Пока переодевался, тебя уже увезли на этаж, где родильное отделение. Пошел искать, заблудился, тыкался в какие–то бесконечные двери. Наконец, меня привели совсем в другой конец коридора. В палате было темно. У кровати стояла капельница. Ты спала. Погладил тебя по руке, поцеловал в волосы.
В коридоре посмотрел на часы — без пяти семь. Без пяти семь чего? Утра? Вечера? Какого дня?
Вышел на улицу — сумерки и туман. Присмотрелся — люди спешат, зевают на ходу. Все–таки утро. Ночью был дождь, да и теперь накрапывало — все мокрое, и плитка тротуара, и скамейки, и зебра на асфальте. Пошел к вокзалу. Когда переходил пути, по рельсам бежали, еле проступая сквозь туманную пелену, отражения семафоров — синие, красные. Туман был из того же, из чего пуповина.
Только на улице я почувствовал, как устал.
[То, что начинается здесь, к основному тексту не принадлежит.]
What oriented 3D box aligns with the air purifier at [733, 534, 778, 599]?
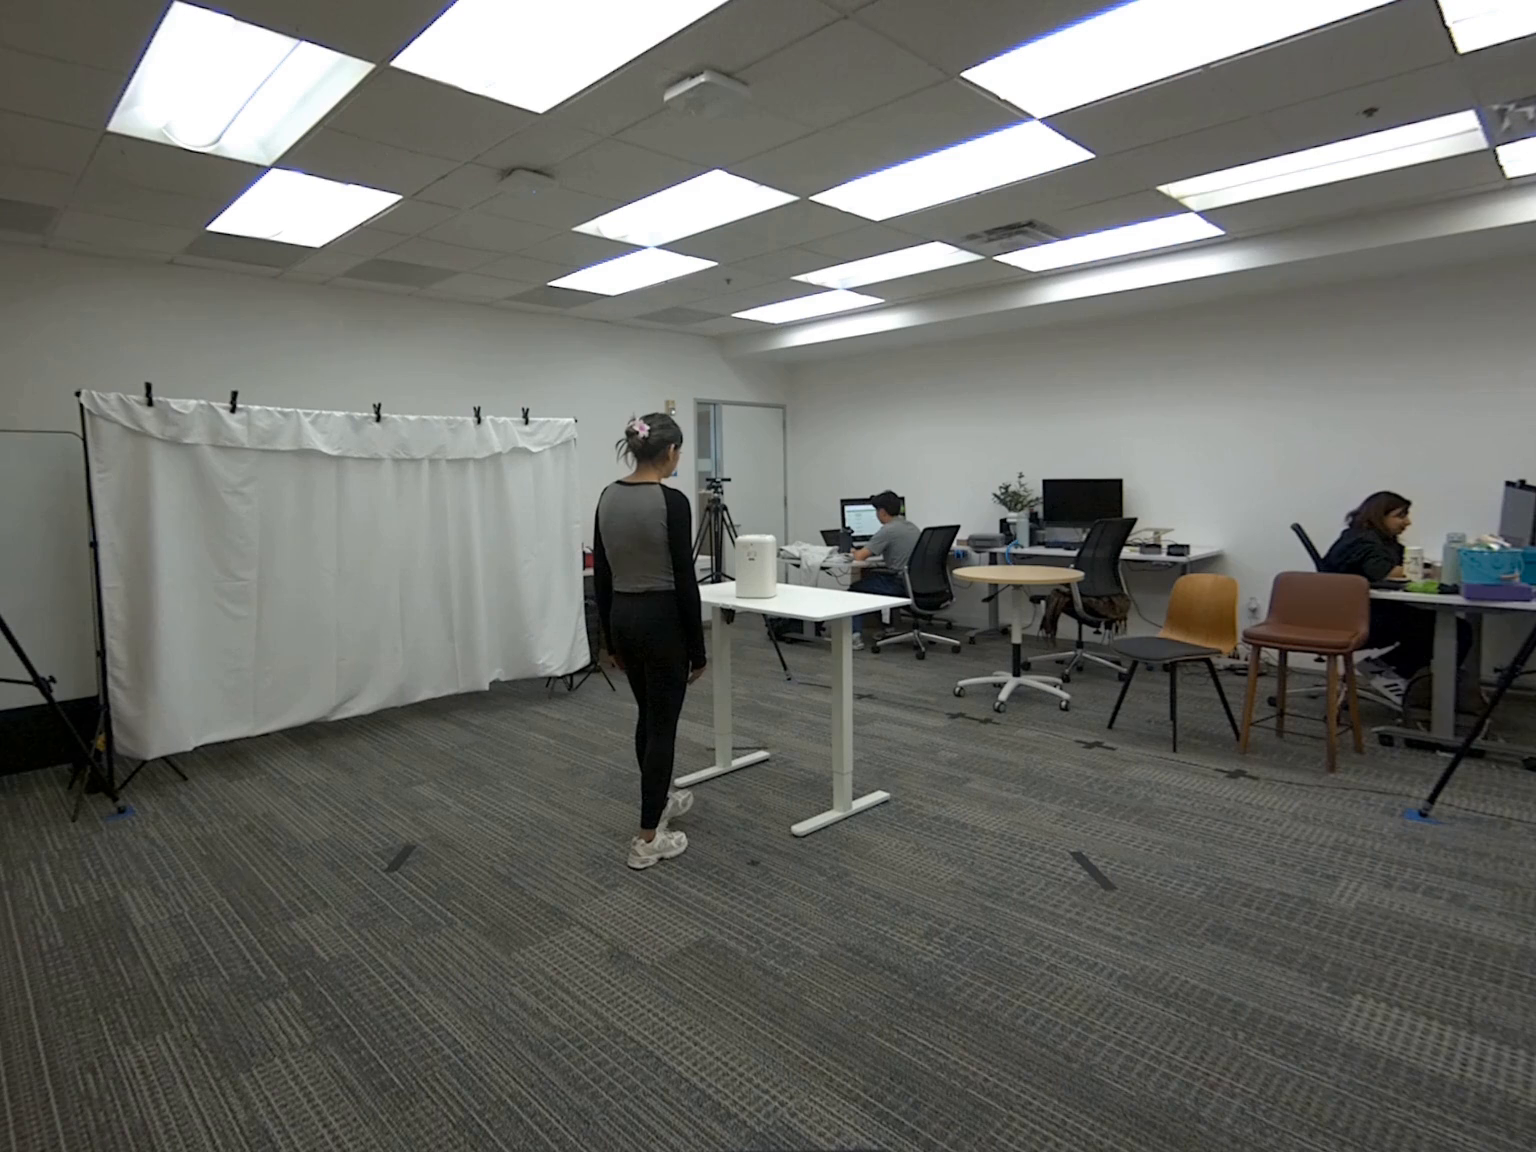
[{"bbox_3d":[-0.052,-0.046,3.743,0.173,0.264,0.170,0,5,14],"label":"air purifier"}]
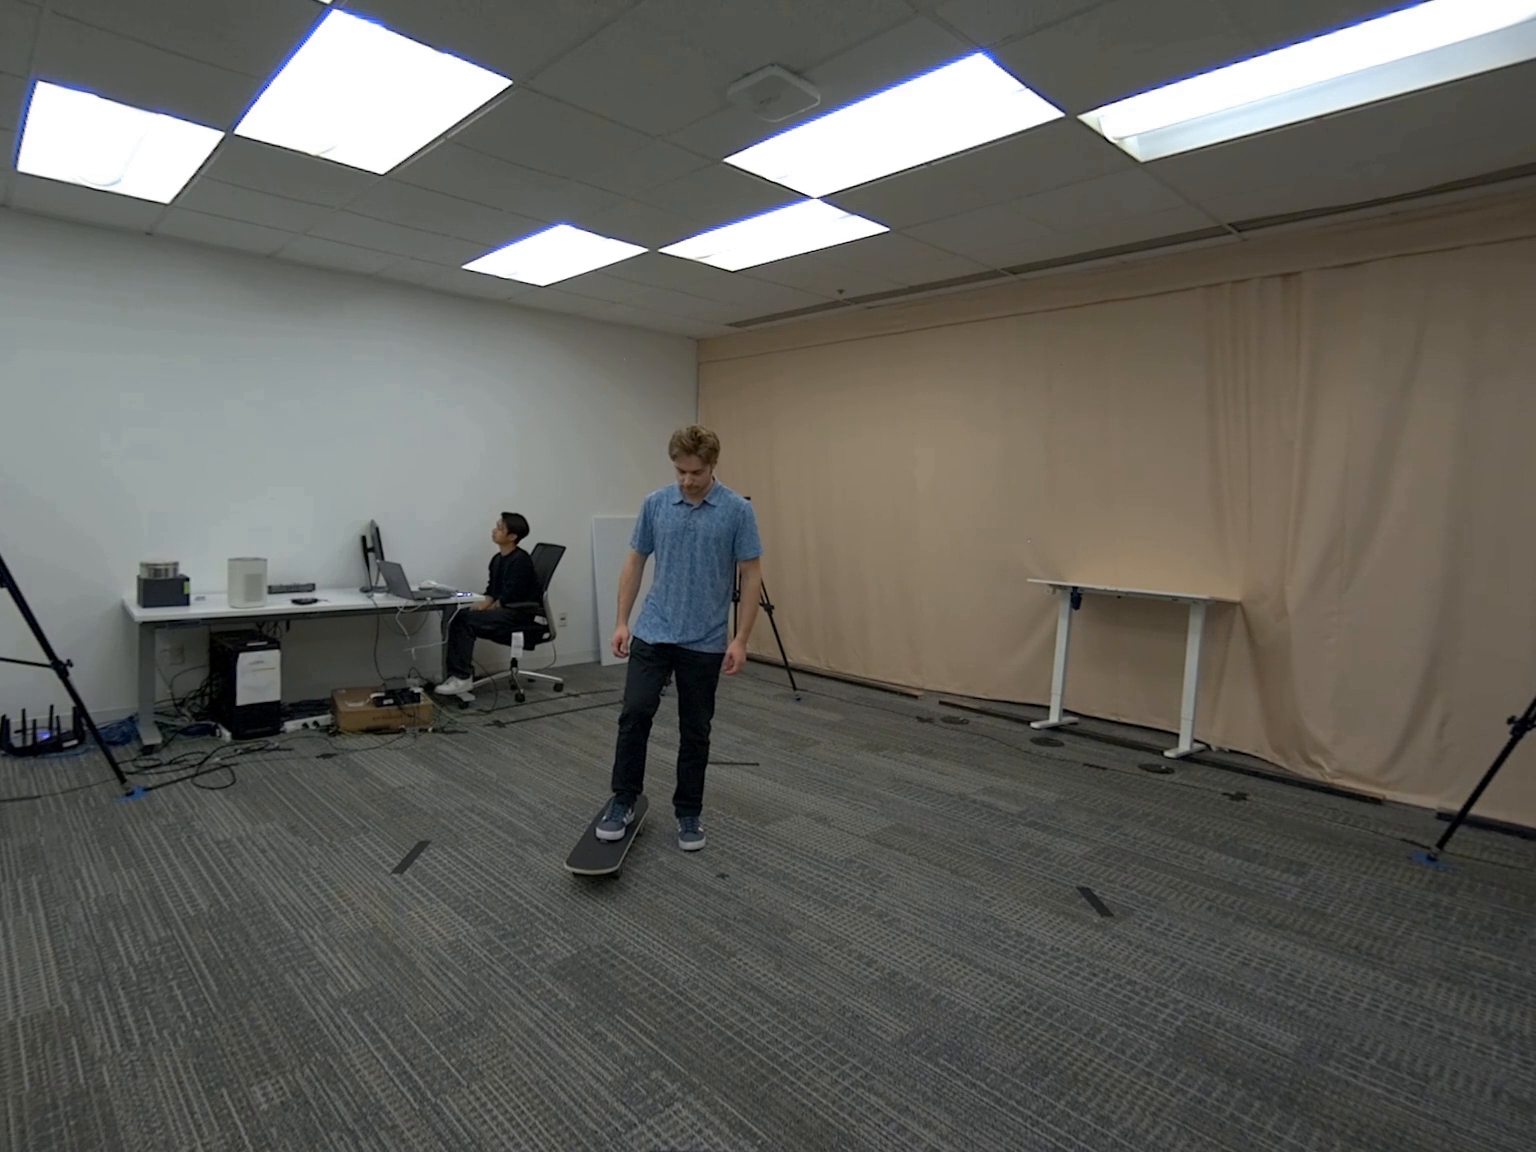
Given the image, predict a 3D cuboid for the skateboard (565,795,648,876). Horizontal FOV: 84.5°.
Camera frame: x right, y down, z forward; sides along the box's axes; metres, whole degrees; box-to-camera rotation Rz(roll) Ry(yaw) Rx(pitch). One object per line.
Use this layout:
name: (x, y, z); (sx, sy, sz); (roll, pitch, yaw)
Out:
skateboard: (-0.615, 1.019, 3.264); (0.194, 0.110, 0.785); (3, 5, 2)

Захотелось куда–нибудь лечь на кучу листьев у троллейбусной остановки, закопаться в них и затихнуть.
Мой обратный билет, действительный только сутки, оказался просрочен. Купил в автомате новый. Как раз должен был отойти поезд на Штайн–ам–Райн. Успел вбежать в последний вагон.
Непроснувшиеся люди едут на работу, позевывают, поеживаются, складывают мокрые зонты.
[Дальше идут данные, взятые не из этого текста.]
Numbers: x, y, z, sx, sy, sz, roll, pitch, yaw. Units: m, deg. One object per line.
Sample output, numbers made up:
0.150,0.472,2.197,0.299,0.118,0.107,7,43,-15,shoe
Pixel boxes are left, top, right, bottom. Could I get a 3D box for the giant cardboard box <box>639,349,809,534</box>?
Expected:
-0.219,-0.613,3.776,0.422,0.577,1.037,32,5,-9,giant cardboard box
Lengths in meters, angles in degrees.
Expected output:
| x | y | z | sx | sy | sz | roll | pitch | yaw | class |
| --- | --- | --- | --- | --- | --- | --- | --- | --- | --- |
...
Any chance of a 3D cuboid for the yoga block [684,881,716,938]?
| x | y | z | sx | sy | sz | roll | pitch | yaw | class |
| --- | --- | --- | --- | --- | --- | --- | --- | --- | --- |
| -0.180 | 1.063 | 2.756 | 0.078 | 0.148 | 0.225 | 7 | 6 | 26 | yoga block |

Присел у окна, откинул голову назад, закрыл глаза. Думал, может, посплю несколько минут. И никак не мог забыться — перенервничал.
Едем, а в окне ничего не видно. Обложило плотно. Мелькают только шпалы внизу, да иногда вынырнет из ничего столб и так же в ничего нырнет.
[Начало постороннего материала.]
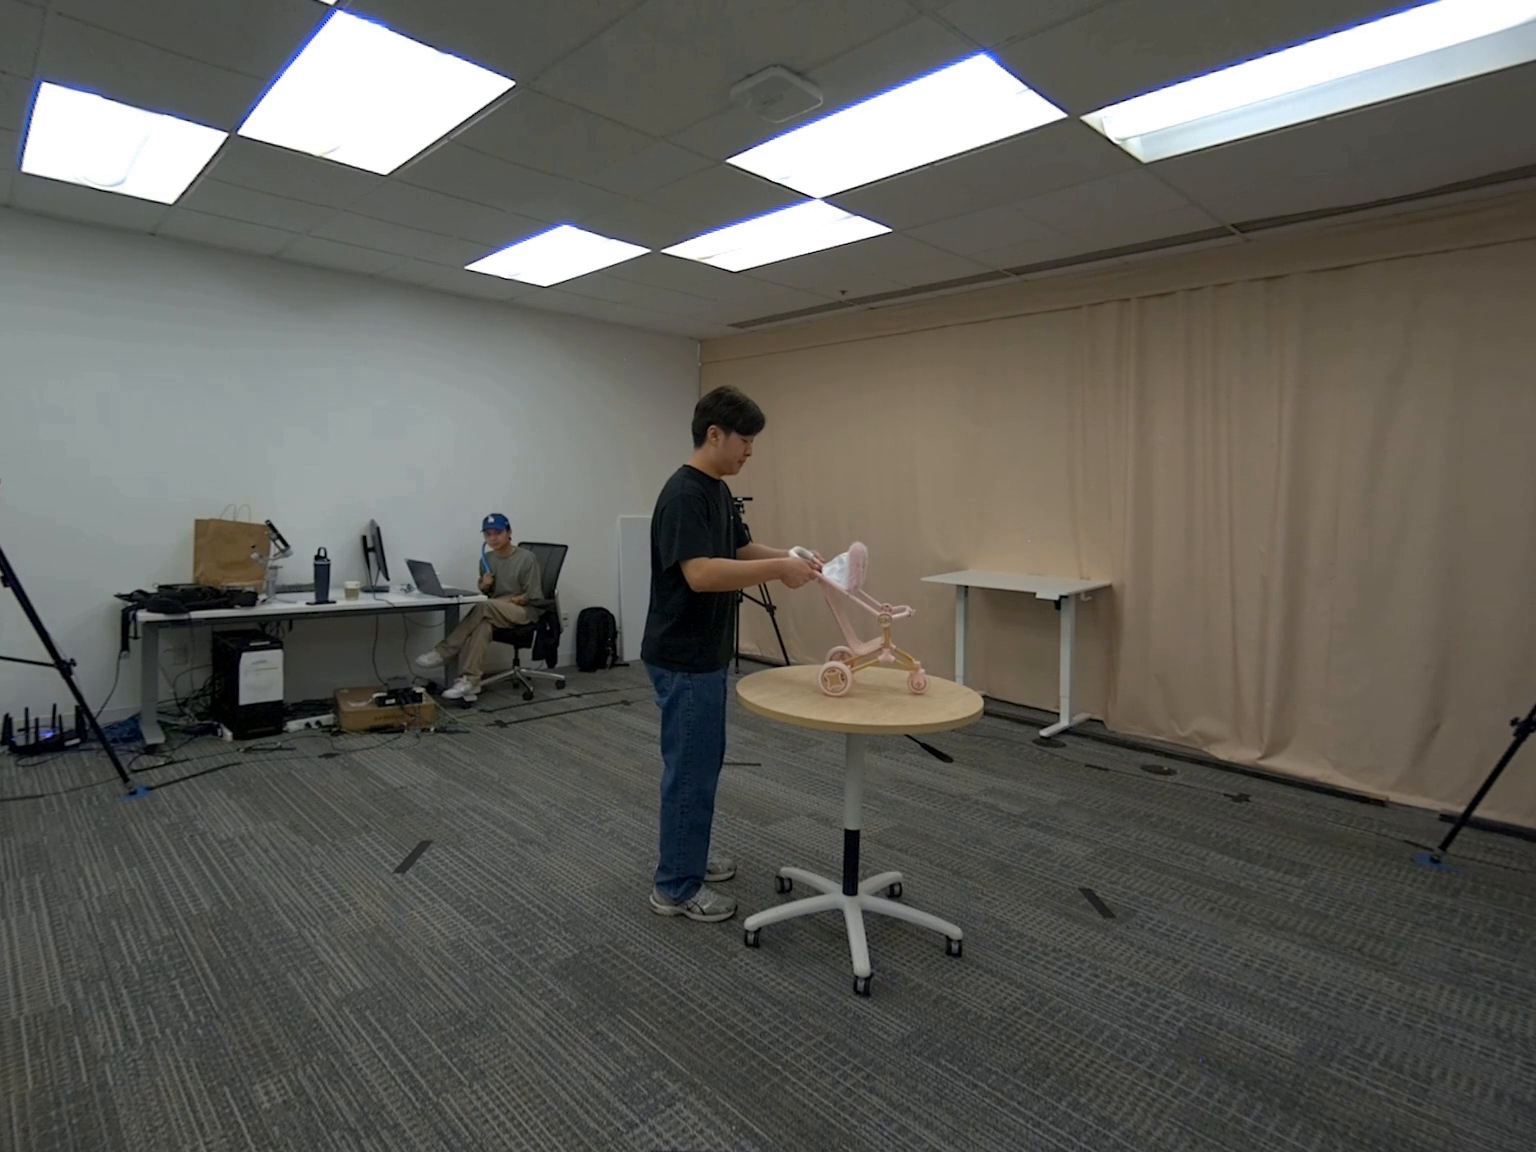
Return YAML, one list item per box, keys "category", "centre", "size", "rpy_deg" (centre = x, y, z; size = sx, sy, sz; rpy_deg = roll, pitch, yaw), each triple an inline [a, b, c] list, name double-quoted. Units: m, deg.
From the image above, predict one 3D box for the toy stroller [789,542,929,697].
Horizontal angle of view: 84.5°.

И вдруг оказалось, что я вовсе не еду в поезде, а кручу педали велосипеда. Того самого “орленка”. Это мы с отцом поехали в Ильинский лес, тоже залитый туманом. Он на своем трофейном умчался вперед и кричит мне из–за серой пелены:
— Догоняй!
Туман потный, шершавый, душный.
Велосипед трясется на корнях. Вот–вот упаду.
Кричу:
— Папка! Стой! Подожди меня!
А он откуда–то совсем издалека:
— Ну где же ты? Догоняй отца–моряка!
И еще мне мешает шапка. У меня на голове та самая чужая ушанка, сопревшая, с кислой вонью, прилипшая. И снять ее не могу — не оторвать рук от руля.
Тут сзади раздается топот сапог.
Я знаю, кто это.
Обернуться боюсь. Жму на педали что есть сил, а ноги не слушаются, колеса “орленка” вязнут в тумане, как в песке.
Топот совсем близко. Слышу пьяное дыхание:
— Стоять! Бляденыш!
Все, не могу больше — колеса “орленка” остановились.
Его рука хватает меня.
Просыпаюсь.
Кондуктор трясет за плечо:
— Ваш билет! Вы не проехали?
Еще не проснувшись толком, протягиваю билет, таращусь в окно. Вроде стоим. Но что за станция — не вижу. Все замазано туманом, как побелкой.
— Так вы же проехали! Вам ведь в Зойцах?
Вскакиваю, очумело выбегаю из вагона. Поезд тут же, прогнав гудком остатки сна, проплывает мимо и растворяется.
Оглядываюсь и ничего не вижу. Где сошел? Куда попал? Затихает за туманной кашей грохот колес, замирает на рельсах гул.
Чувствую — на голове по–прежнему та прокисшая шапка.
Провожу рукой по волосам.
Ушанка–невидимка.
Пялю глаза в туман — проступает только на несколько шагов мокрый асфальт платформы. Шпалы дымятся.
И все никак не могу понять — где я?
Цюрих, 1996—1998
Окончание. Начало — “Знамя”, 1999, № 10, 11.
*
В России, в столицах, эти подземные трамвайные ходы еще не устроены, но попытки “международного” комитета их устроить в Петербурге и Москве уже были.